The Church or Me
And let us consider how we may spur one another on toward love and good deeds, not giving up meeting together, as some are in the habit of doing, but encouraging one another—and all the more as you see the Day approaching. Hebrews 10:24-25
I recently met with an old friend who I rarely get to see. It was great to catch with the events of her life and hear how her family is doing. With her the conversation always goes to spiritual things – but this day she was frustrated with her church.
I knew she had changed churches a couple of years ago and I was eager to hear how her transition had gone from the old to the new. I was disappointed to hear that she now knows only those people she had known when she got there. She was telling me how warm and friendly the congregation is on Sundays – but there is not any real fellowship going on outside the building.
I have been thinking about her disappointment since we talked. It has made me wonder what our responsibility is and what the church’s or even other people’s responsibilities are. In our technological society has hospitality become rare and “reaching out” been relegated to an email that thanks a new person for visiting?
As I was contemplating what I had read in Mr. Cymbala and Mr. Merrill’s book, “Fresh Power” about disunity and divisions in the church what struck me was my own responsibility in promoting unity. Unity seems like it needs to start with relationships. Do we expect others to do all the reaching out while we sit back and wait for the invitations to come to us? Are we willing to open our own homes for times of fellowship, Bible study, or recreation with others in our churches? As an older woman am I teaching the younger women – one at a time or in a class? If you are a younger woman – are you looking for an older woman who can share some wisdom with you?

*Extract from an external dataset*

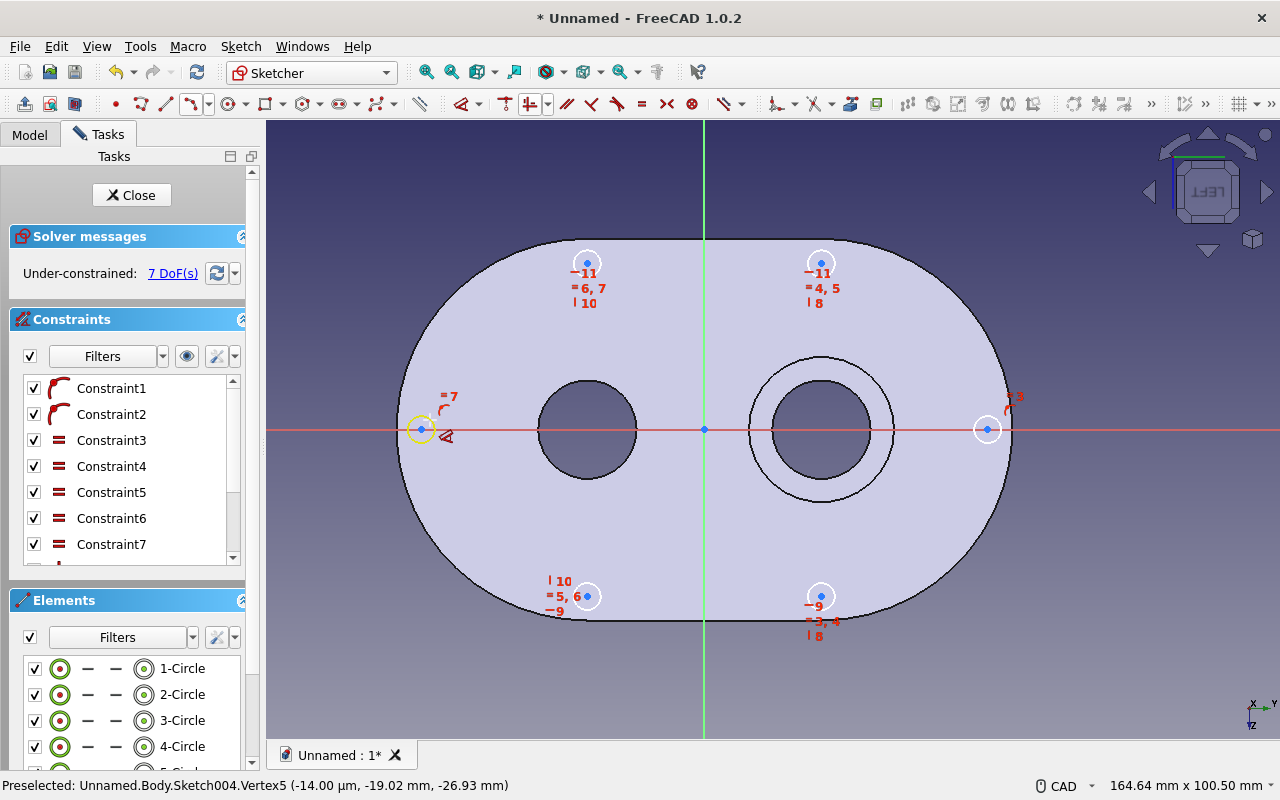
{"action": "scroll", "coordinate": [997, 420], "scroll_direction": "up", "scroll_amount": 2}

Likewise, I have been wondering if my friend is taking any initiative to build relationships in her new(ish) church. Is it all someone else’s responsibility? If the church is not organizing fellowship events so the people get to know each other should we be inviting others into our own homes and practicing hospitality as the Bible tells us to do? (Romans 12:13).
Being the new person is never a comfortable position to be in but there are many ways to get to know people in our churches. Work side by side, study in a group Bible Study, go to Sunday School and not just the worship service, show up for fellowship events that are planned for you, or practice some “one on one” practical ministry to someone in need in the congregation. I can’t even imagine the joy of a Pastor when someone comes and says, “How can I help and get to know people around here?”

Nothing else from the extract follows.